== Segment start ==

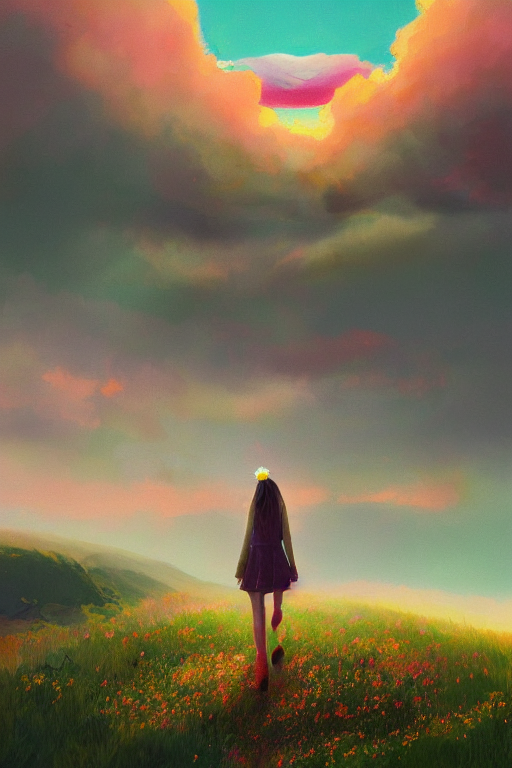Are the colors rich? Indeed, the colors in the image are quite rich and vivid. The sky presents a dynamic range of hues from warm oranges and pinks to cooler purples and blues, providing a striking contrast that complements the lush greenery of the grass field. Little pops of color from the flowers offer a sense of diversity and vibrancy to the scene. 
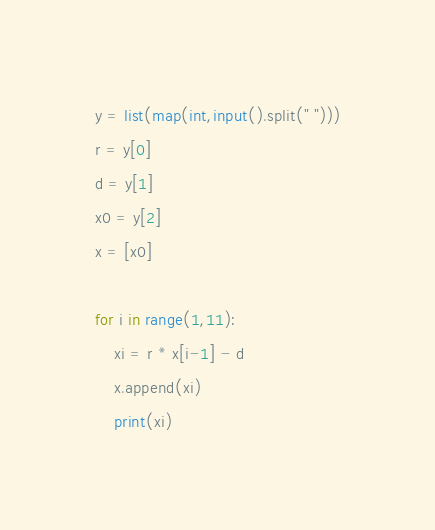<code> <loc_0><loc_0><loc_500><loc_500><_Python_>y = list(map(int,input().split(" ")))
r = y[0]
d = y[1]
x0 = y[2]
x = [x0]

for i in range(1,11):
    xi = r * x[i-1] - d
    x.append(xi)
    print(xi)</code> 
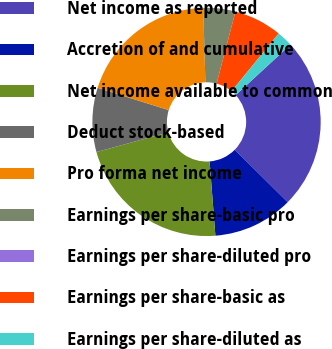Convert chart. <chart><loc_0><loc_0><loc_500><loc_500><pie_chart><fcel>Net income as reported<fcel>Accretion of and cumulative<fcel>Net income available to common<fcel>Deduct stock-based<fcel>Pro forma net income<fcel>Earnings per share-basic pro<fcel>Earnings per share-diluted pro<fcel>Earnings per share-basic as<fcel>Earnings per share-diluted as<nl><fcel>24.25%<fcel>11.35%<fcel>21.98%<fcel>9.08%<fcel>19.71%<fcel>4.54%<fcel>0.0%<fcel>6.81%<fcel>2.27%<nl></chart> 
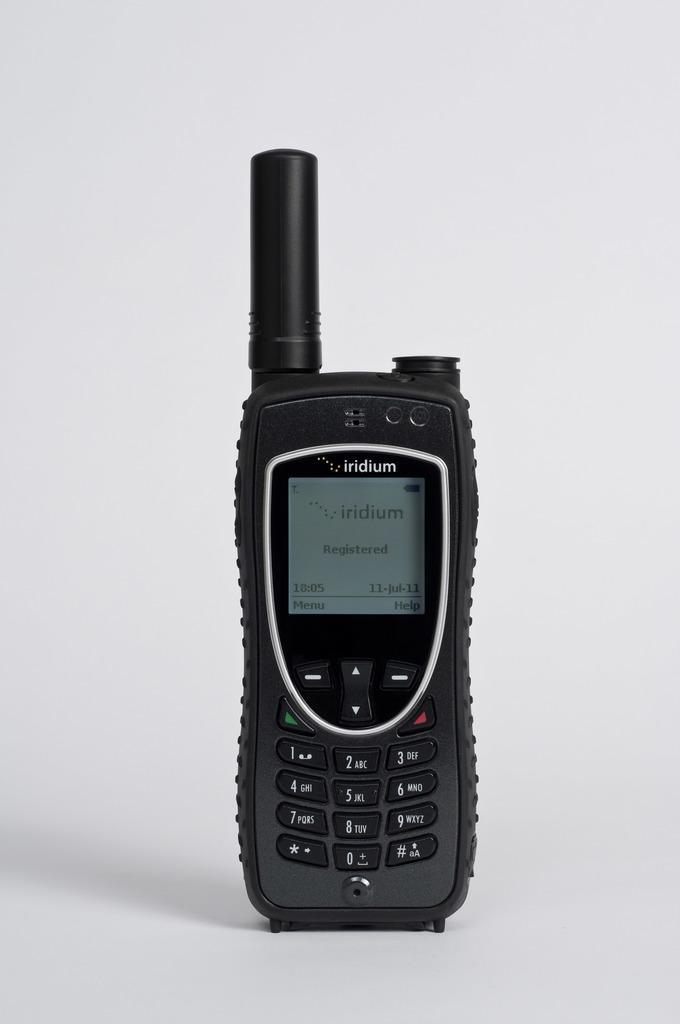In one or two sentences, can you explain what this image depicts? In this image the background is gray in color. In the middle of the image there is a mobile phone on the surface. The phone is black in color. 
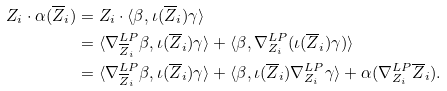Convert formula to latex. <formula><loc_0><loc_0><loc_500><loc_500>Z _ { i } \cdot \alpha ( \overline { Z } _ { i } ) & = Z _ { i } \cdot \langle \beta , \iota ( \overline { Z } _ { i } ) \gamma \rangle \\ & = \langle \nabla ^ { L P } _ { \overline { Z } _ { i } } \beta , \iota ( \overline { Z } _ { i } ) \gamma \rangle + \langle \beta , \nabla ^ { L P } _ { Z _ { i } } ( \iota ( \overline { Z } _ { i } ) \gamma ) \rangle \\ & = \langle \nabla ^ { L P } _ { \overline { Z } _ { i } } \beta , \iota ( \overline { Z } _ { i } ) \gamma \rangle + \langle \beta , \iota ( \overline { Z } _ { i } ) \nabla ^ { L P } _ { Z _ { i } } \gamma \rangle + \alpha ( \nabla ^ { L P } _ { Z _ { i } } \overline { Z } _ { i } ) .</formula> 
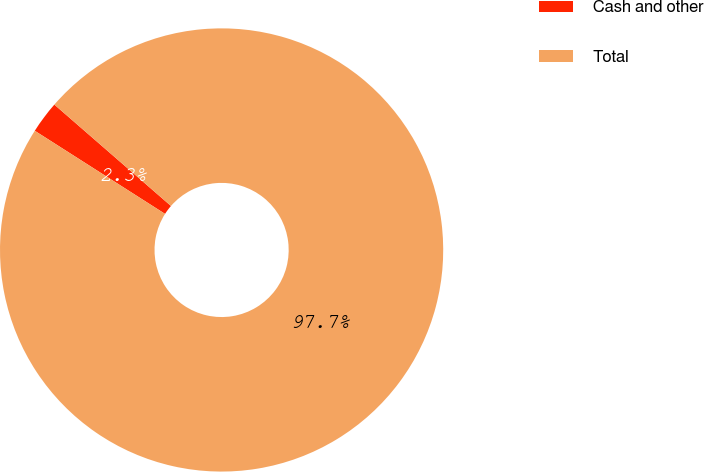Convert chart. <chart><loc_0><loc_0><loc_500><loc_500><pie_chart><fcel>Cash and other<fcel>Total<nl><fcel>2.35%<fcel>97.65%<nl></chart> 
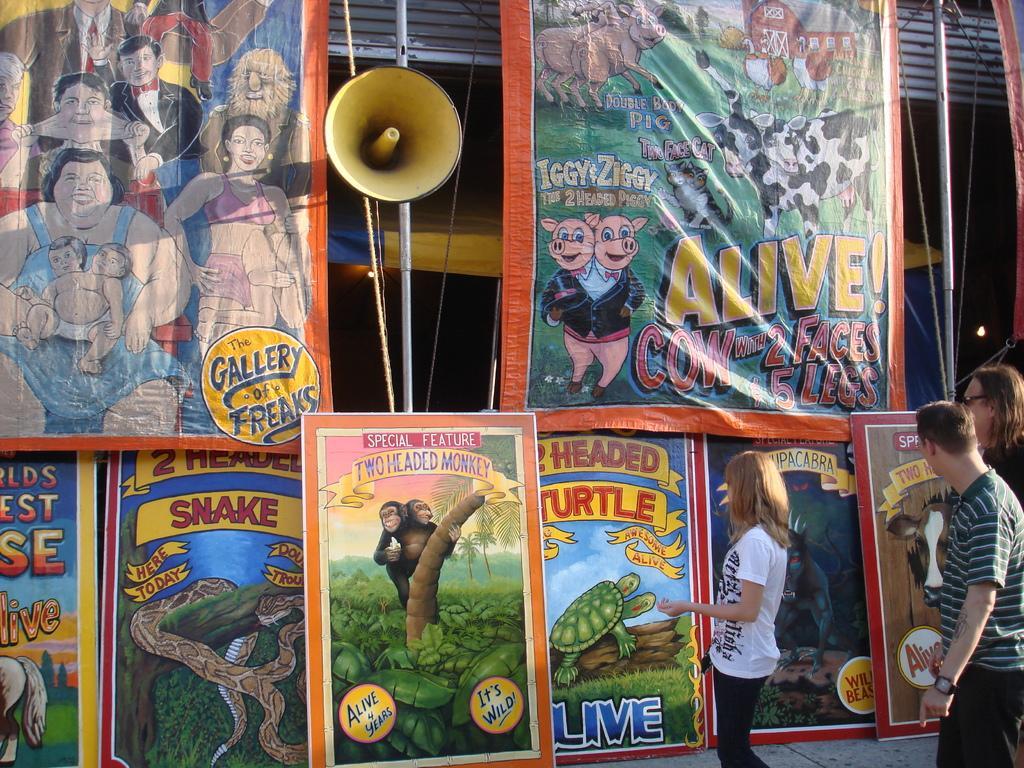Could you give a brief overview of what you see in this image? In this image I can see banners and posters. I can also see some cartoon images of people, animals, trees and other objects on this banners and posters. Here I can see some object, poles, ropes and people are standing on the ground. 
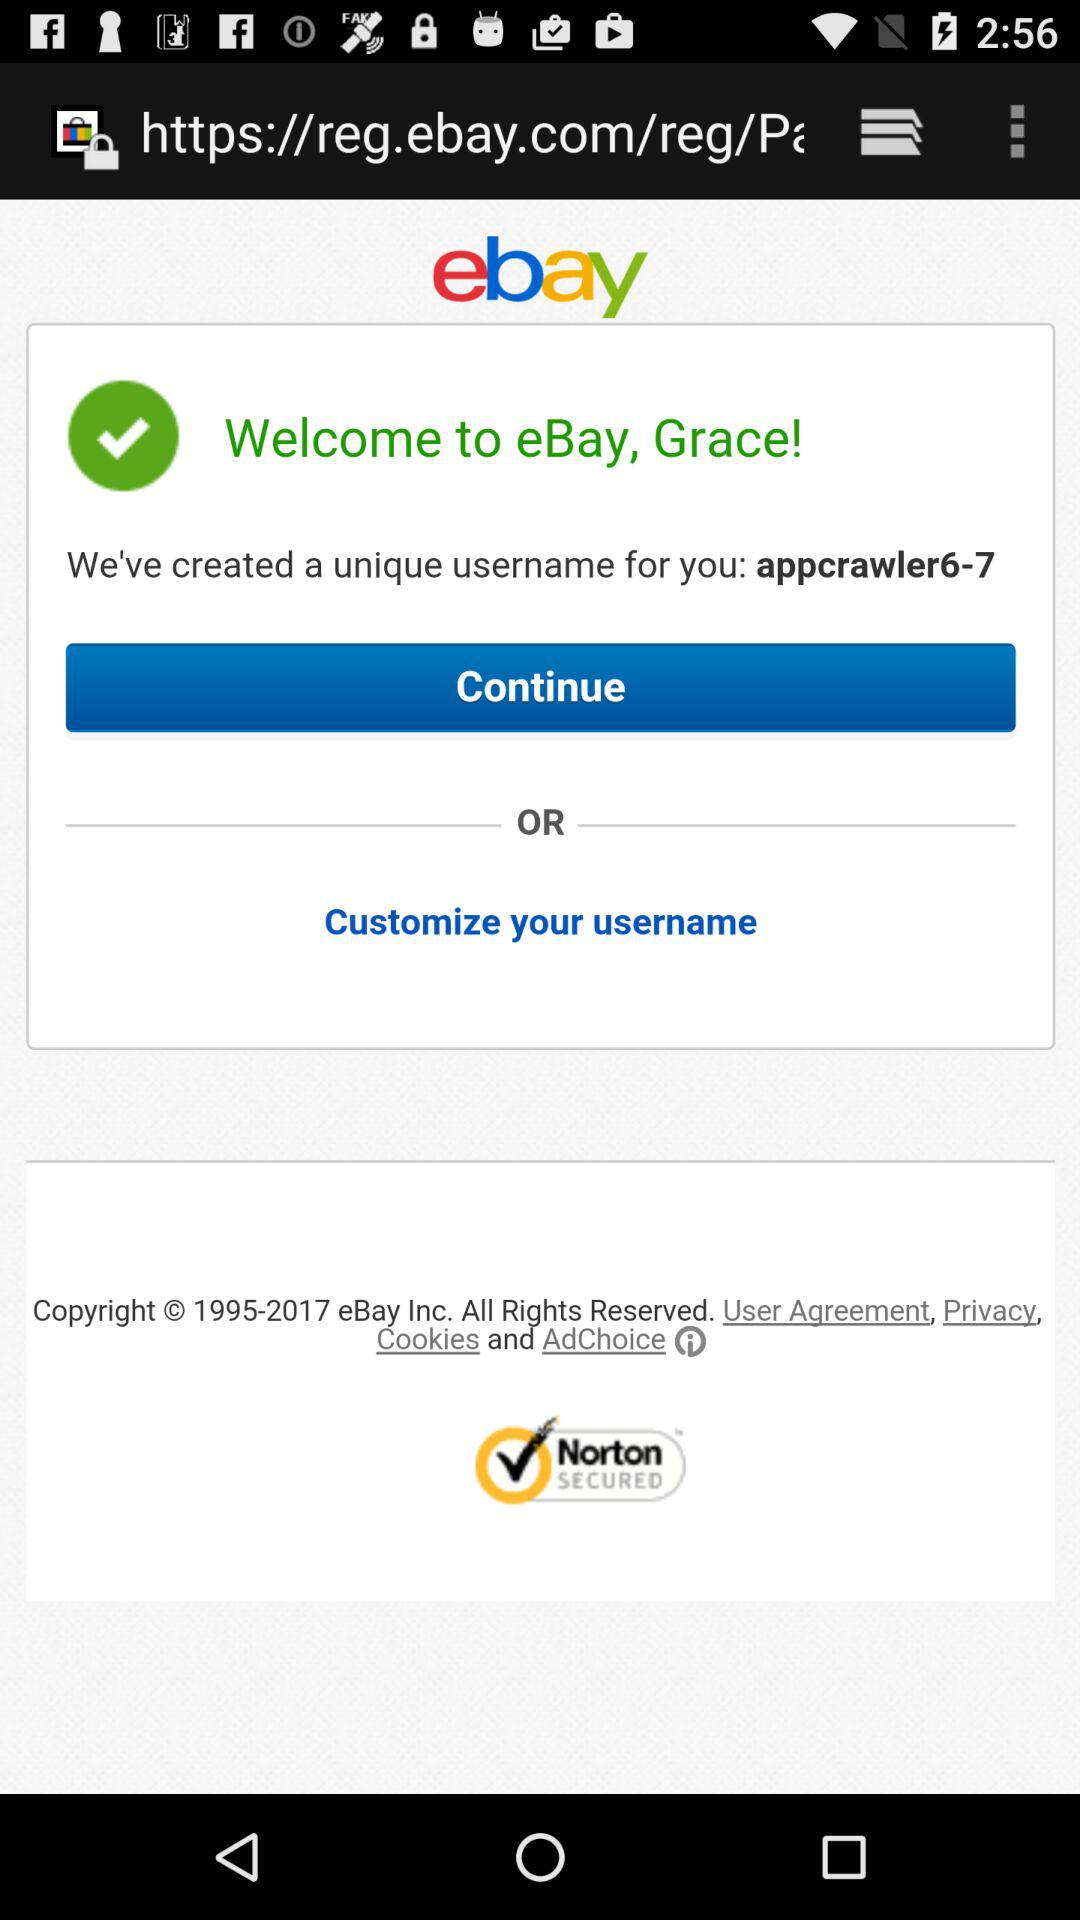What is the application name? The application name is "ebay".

== Segment end ==

If pictures appear among the records, do not carry them over; retype the rest exactly.

Are the colors rich? Indeed, the colors in the image are quite rich and vivid. The sky presents a dynamic range of hues from warm oranges and pinks to cooler purples and blues, providing a striking contrast that complements the lush greenery of the grass field. Little pops of color from the flowers offer a sense of diversity and vibrancy to the scene. 
<code> <loc_0><loc_0><loc_500><loc_500><_Python_>y = list(map(int,input().split(" ")))
r = y[0]
d = y[1]
x0 = y[2]
x = [x0]

for i in range(1,11):
    xi = r * x[i-1] - d
    x.append(xi)
    print(xi)</code> 
Convert chart. <chart><loc_0><loc_0><loc_500><loc_500><pie_chart><fcel>Net income as reported<fcel>Accretion of and cumulative<fcel>Net income available to common<fcel>Deduct stock-based<fcel>Pro forma net income<fcel>Earnings per share-basic pro<fcel>Earnings per share-diluted pro<fcel>Earnings per share-basic as<fcel>Earnings per share-diluted as<nl><fcel>24.25%<fcel>11.35%<fcel>21.98%<fcel>9.08%<fcel>19.71%<fcel>4.54%<fcel>0.0%<fcel>6.81%<fcel>2.27%<nl></chart> 
In one or two sentences, can you explain what this image depicts? In this image the background is gray in color. In the middle of the image there is a mobile phone on the surface. The phone is black in color. 
Convert formula to latex. <formula><loc_0><loc_0><loc_500><loc_500>Z _ { i } \cdot \alpha ( \overline { Z } _ { i } ) & = Z _ { i } \cdot \langle \beta , \iota ( \overline { Z } _ { i } ) \gamma \rangle \\ & = \langle \nabla ^ { L P } _ { \overline { Z } _ { i } } \beta , \iota ( \overline { Z } _ { i } ) \gamma \rangle + \langle \beta , \nabla ^ { L P } _ { Z _ { i } } ( \iota ( \overline { Z } _ { i } ) \gamma ) \rangle \\ & = \langle \nabla ^ { L P } _ { \overline { Z } _ { i } } \beta , \iota ( \overline { Z } _ { i } ) \gamma \rangle + \langle \beta , \iota ( \overline { Z } _ { i } ) \nabla ^ { L P } _ { Z _ { i } } \gamma \rangle + \alpha ( \nabla ^ { L P } _ { Z _ { i } } \overline { Z } _ { i } ) .</formula> 
Convert chart. <chart><loc_0><loc_0><loc_500><loc_500><pie_chart><fcel>Cash and other<fcel>Total<nl><fcel>2.35%<fcel>97.65%<nl></chart> 
Could you give a brief overview of what you see in this image? In this image I can see banners and posters. I can also see some cartoon images of people, animals, trees and other objects on this banners and posters. Here I can see some object, poles, ropes and people are standing on the ground. 
What is the application name? The application name is "ebay".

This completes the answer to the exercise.